Here is my try at it:
http://pcpartpicker.com/p/hUge
It comes to just over 1000EUR, so it is over budget, but I went overboard in some places, and it would certainly be possible to choose to modify the build in certain places. I would personally keep the i7-3770K, because skimping on the CPU is going to make encoding videos extremely painful to wait for.
The graphics card I picked is basically the least I would want to be stuck with myself. I would suggest going for an EVGA GTX 570 or 670 (the 500 series actually benchmarks better than the 600 series for some models, so saving money by choosing a 570 or 580 is a great idea, though the 600 series may offer power savings over the 500s). I don't know anything about AMD/ATI's graphics cards. I always go with NVidia cards because their driver programmers are far better than ATI's programmers were. AMD may have fixed that problem since they bought ATI, but I haven't tried them out since AMD made that purchase, so you would have to ask someone else about AMD's GPUs if you want to go that route.
If he is dealing with videos that large, then I doubt you'll be able to fit a big enough solid state drive within his budget. I would suggest getting a couple of 1TB 7200rpm hard drives, and when it comes to hard drives, Western Digital will give you the best value. They offer a 5-year warranty on their Caviar Black line, and those drives perform really well for spinning disks. If you are planning on upgrading to any serious RAID configuration, then you should trade in the Caviar Black drives for their RE4 drives. The RE4 drives have error correction parameters set that cause them to perform better than normal consumer drives in RAID configurations, and they carry the same 5-year warranty as the Caviar Black series drives.

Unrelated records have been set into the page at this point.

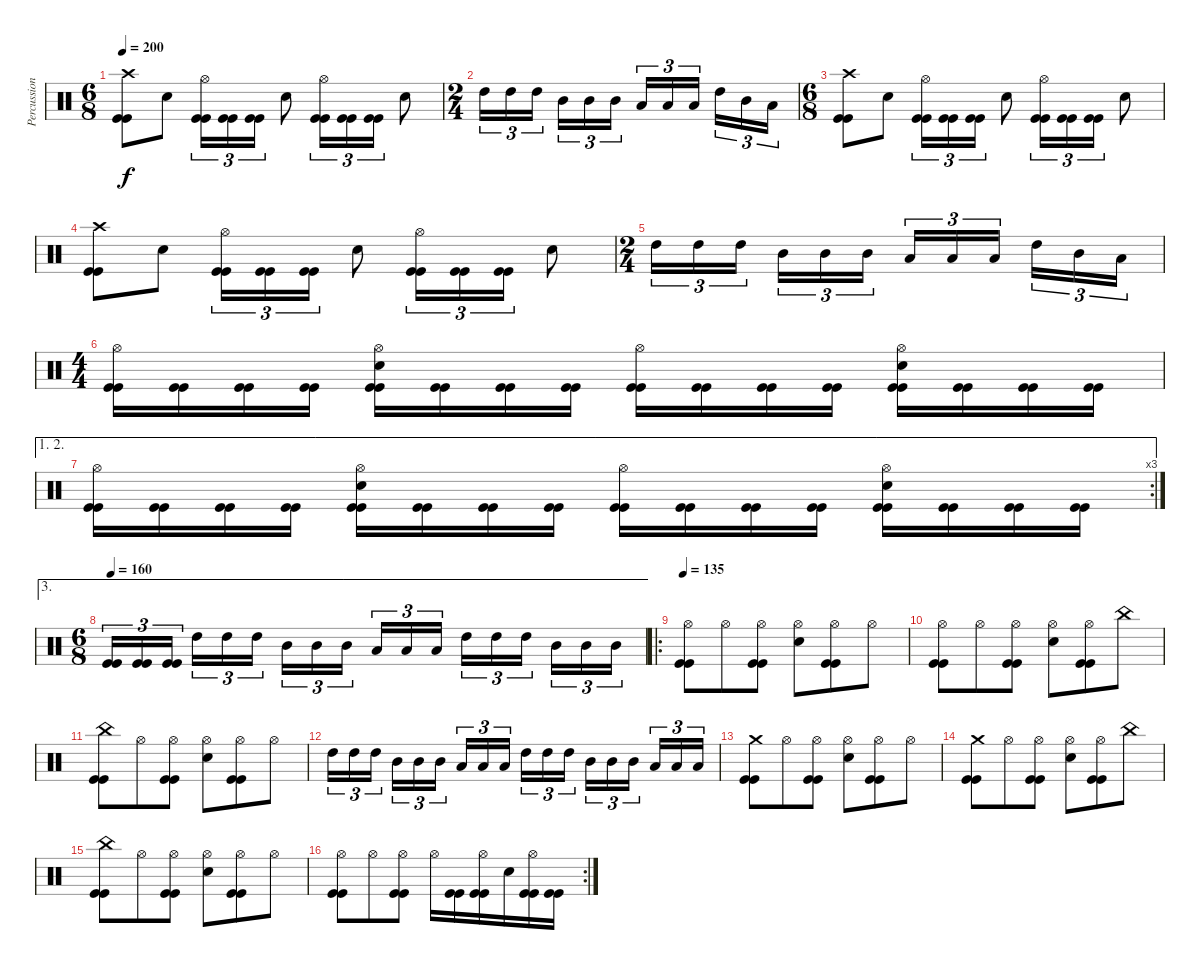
\track ("Percussion" "Percussion") {instrument percussion}
\staff {score}
\articulation defaults
\ts (6 8)
\tempo 200
\clef neutral
\ks c
("Crash high (hit)" "Kick (hit)" "Kick (hit)").8{dy f} "Snare (hit) 2".8 ("Hi-Hat (open)" "Kick (hit)" "Kick (hit)").16{tu (3 2)} ("Kick (hit)" "Kick (hit)").16{tu (3 2)} ("Kick (hit)" "Kick (hit)").16{tu (3 2)} "Snare (hit) 2".8 ("Hi-Hat (open)" "Kick (hit)" "Kick (hit)").16{tu (3 2)} ("Kick (hit)" "Kick (hit)").16{tu (3 2)} ("Kick (hit)" "Kick (hit)").16{tu (3 2)} "Snare (hit) 2".8 |
\ts (2 4)
"High Tom (hit)".16{tu (3 2)} "High Tom (hit)".16{tu (3 2)} "High Tom (hit)".16{tu (3 2)} "Mid Tom (hit)".16{tu (3 2)} "Mid Tom (hit)".16{tu (3 2)} "Mid Tom (hit)".16{tu (3 2)} "Low Tom (hit)".16{tu (3 2)} "Low Tom (hit)".16{tu (3 2)} "Low Tom (hit)".16{tu (3 2)} "High Tom (hit)".16{tu (3 2)} "Mid Tom (hit)".16{tu (3 2)} "Low Tom (hit)".16{tu (3 2)} |
\ts (6 8)
("Crash high (hit)" "Kick (hit)" "Kick (hit)").8 "Snare (hit) 2".8 ("Hi-Hat (open)" "Kick (hit)" "Kick (hit)").16{tu (3 2)} ("Kick (hit)" "Kick (hit)").16{tu (3 2)} ("Kick (hit)" "Kick (hit)").16{tu (3 2)} "Snare (hit) 2".8 ("Hi-Hat (open)" "Kick (hit)" "Kick (hit)").16{tu (3 2)} ("Kick (hit)" "Kick (hit)").16{tu (3 2)} ("Kick (hit)" "Kick (hit)").16{tu (3 2)} "Snare (hit) 2".8 |
("Crash high (hit)" "Kick (hit)" "Kick (hit)").8 "Snare (hit) 2".8 ("Hi-Hat (open)" "Kick (hit)" "Kick (hit)").16{tu (3 2)} ("Kick (hit)" "Kick (hit)").16{tu (3 2)} ("Kick (hit)" "Kick (hit)").16{tu (3 2)} "Snare (hit) 2".8 ("Hi-Hat (open)" "Kick (hit)" "Kick (hit)").16{tu (3 2)} ("Kick (hit)" "Kick (hit)").16{tu (3 2)} ("Kick (hit)" "Kick (hit)").16{tu (3 2)} "Snare (hit) 2".8 |
\ts (2 4)
"High Tom (hit)".16{tu (3 2)} "High Tom (hit)".16{tu (3 2)} "High Tom (hit)".16{tu (3 2)} "Mid Tom (hit)".16{tu (3 2)} "Mid Tom (hit)".16{tu (3 2)} "Mid Tom (hit)".16{tu (3 2)} "Low Tom (hit)".16{tu (3 2)} "Low Tom (hit)".16{tu (3 2)} "Low Tom (hit)".16{tu (3 2)} "High Tom (hit)".16{tu (3 2)} "Mid Tom (hit)".16{tu (3 2)} "Low Tom (hit)".16{tu (3 2)} |
\ts (4 4)
("Hi-Hat (open)" "Kick (hit)" "Kick (hit)").16 ("Kick (hit)" "Kick (hit)").16 ("Kick (hit)" "Kick (hit)").16 ("Kick (hit)" "Kick (hit)").16 ("Hi-Hat (open)" "Snare (hit) 2" "Kick (hit)" "Kick (hit)").16 ("Kick (hit)" "Kick (hit)").16 ("Kick (hit)" "Kick (hit)").16 ("Kick (hit)" "Kick (hit)").16 ("Hi-Hat (open)" "Kick (hit)" "Kick (hit)").16 ("Kick (hit)" "Kick (hit)").16 ("Kick (hit)" "Kick (hit)").16 ("Kick (hit)" "Kick (hit)").16 ("Hi-Hat (open)" "Snare (hit) 2" "Kick (hit)" "Kick (hit)").16 ("Kick (hit)" "Kick (hit)").16 ("Kick (hit)" "Kick (hit)").16 ("Kick (hit)" "Kick (hit)").16 |
\ae (1 2)
\rc 3
("Hi-Hat (open)" "Kick (hit)" "Kick (hit)").16 ("Kick (hit)" "Kick (hit)").16 ("Kick (hit)" "Kick (hit)").16 ("Kick (hit)" "Kick (hit)").16 ("Hi-Hat (open)" "Snare (hit) 2" "Kick (hit)" "Kick (hit)").16 ("Kick (hit)" "Kick (hit)").16 ("Kick (hit)" "Kick (hit)").16 ("Kick (hit)" "Kick (hit)").16 ("Hi-Hat (open)" "Kick (hit)" "Kick (hit)").16 ("Kick (hit)" "Kick (hit)").16 ("Kick (hit)" "Kick (hit)").16 ("Kick (hit)" "Kick (hit)").16 ("Hi-Hat (open)" "Snare (hit) 2" "Kick (hit)" "Kick (hit)").16 ("Kick (hit)" "Kick (hit)").16 ("Kick (hit)" "Kick (hit)").16 ("Kick (hit)" "Kick (hit)").16 |
\ae 3
\ts (6 8)
\tempo 160
("Kick (hit)" "Kick (hit)").16{tu (3 2)} ("Kick (hit)" "Kick (hit)").16{tu (3 2)} ("Kick (hit)" "Kick (hit)").16{tu (3 2)} "High Tom (hit)".16{tu (3 2)} "High Tom (hit)".16{tu (3 2)} "High Tom (hit)".16{tu (3 2)} "Mid Tom (hit)".16{tu (3 2)} "Mid Tom (hit)".16{tu (3 2)} "Mid Tom (hit)".16{tu (3 2)} "Low Tom (hit)".16{tu (3 2)} "Low Tom (hit)".16{tu (3 2)} "Low Tom (hit)".16{tu (3 2)} "High Tom (hit)".16{tu (3 2)} "High Tom (hit)".16{tu (3 2)} "High Tom (hit)".16{tu (3 2)} "Mid Tom (hit)".16{tu (3 2)} "Mid Tom (hit)".16{tu (3 2)} "Mid Tom (hit)".16{tu (3 2)} |
\ro
\tempo 135
("Hi-Hat (open)" "Kick (hit)" "Kick (hit)").8 "Hi-Hat (open)".8 ("Hi-Hat (open)" "Kick (hit)" "Kick (hit)").8 ("Hi-Hat (open)" "Snare (hit) 2").8 ("Hi-Hat (open)" "Kick (hit)" "Kick (hit)").8 "Hi-Hat (open)".8 |
("Hi-Hat (open)" "Kick (hit)" "Kick (hit)").8 "Hi-Hat (open)".8 ("Hi-Hat (open)" "Kick (hit)" "Kick (hit)").8 ("Hi-Hat (open)" "Snare (hit) 2").8 ("Hi-Hat (open)" "Kick (hit)" "Kick (hit)").8 "China (hit)".8 |
("China (hit)" "Kick (hit)" "Kick (hit)").8 "Hi-Hat (open)".8 ("Hi-Hat (open)" "Kick (hit)" "Kick (hit)").8 ("Hi-Hat (open)" "Snare (hit) 2").8 ("Hi-Hat (open)" "Kick (hit)" "Kick (hit)").8 "Hi-Hat (open)".8 |
"High Tom (hit)".16{tu (3 2)} "High Tom (hit)".16{tu (3 2)} "High Tom (hit)".16{tu (3 2)} "Mid Tom (hit)".16{tu (3 2)} "Mid Tom (hit)".16{tu (3 2)} "Mid Tom (hit)".16{tu (3 2)} "Low Tom (hit)".16{tu (3 2)} "Low Tom (hit)".16{tu (3 2)} "Low Tom (hit)".16{tu (3 2)} "High Tom (hit)".16{tu (3 2)} "High Tom (hit)".16{tu (3 2)} "High Tom (hit)".16{tu (3 2)} "Mid Tom (hit)".16{tu (3 2)} "Mid Tom (hit)".16{tu (3 2)} "Mid Tom (hit)".16{tu (3 2)} "Low Tom (hit)".16{tu (3 2)} "Low Tom (hit)".16{tu (3 2)} "Low Tom (hit)".16{tu (3 2)} |
("Crash medium (hit)" "Kick (hit)" "Kick (hit)").8 "Hi-Hat (open)".8 ("Hi-Hat (open)" "Kick (hit)" "Kick (hit)").8 ("Hi-Hat (open)" "Snare (hit) 2").8 ("Hi-Hat (open)" "Kick (hit)" "Kick (hit)").8 "Hi-Hat (open)".8 |
("Crash medium (hit)" "Kick (hit)" "Kick (hit)").8 "Hi-Hat (open)".8 ("Hi-Hat (open)" "Kick (hit)" "Kick (hit)").8 ("Hi-Hat (open)" "Snare (hit) 2").8 ("Hi-Hat (open)" "Kick (hit)" "Kick (hit)").8 "China (hit)".8 |
("China (hit)" "Kick (hit)" "Kick (hit)").8 "Hi-Hat (open)".8 ("Hi-Hat (open)" "Kick (hit)" "Kick (hit)").8 ("Hi-Hat (open)" "Snare (hit) 2").8 ("Hi-Hat (open)" "Kick (hit)" "Kick (hit)").8 "Hi-Hat (open)".8 |
\rc 2
("Hi-Hat (open)" "Kick (hit)" "Kick (hit)").8 "Hi-Hat (open)".8 ("Hi-Hat (open)" "Kick (hit)" "Kick (hit)").8 "Hi-Hat (open)".16 ("Kick (hit)" "Kick (hit)").16 ("Hi-Hat (open)" "Kick (hit)" "Kick (hit)").16 "Snare (hit) 2".16 ("Hi-Hat (open)" "Kick (hit)" "Kick (hit)").16 ("Kick (hit)" "Kick (hit)").16

The case I chose was a random pick from cases that I've seen recently that I thought looked cool. That is all it is. A case is a very personal sort of choice, and I would really just leave that up to you and your friend. A lot of money can be saved right there.
8GB of RAM is basically the new "enough". I, personally, would just start off with 16GB of RAM, but I do stuff like run multiple 4GB virtual machines, so I need a bunch of RAM to do that. 8GB is plenty to handle every game ever made so far, and it is enough to handle most other programs, too. Video editing is helped greatly by adding more memory, though, so he should really be trying to expand to 16GB in the future if he doesn't start out with 16GB now. I would just stick with 1600MHz to save money, and I certainly wouldn't go below 1600MHz. Most LGA 1155 motherboards have 4 DIMM slots, which is why I chose an 8GB kit that has two 4GB DIMMs. That leaves room to upgrade to 16GB later.
Anyway, you can take this and add/subtract to get closer to where you're trying to end up. I hope it helps.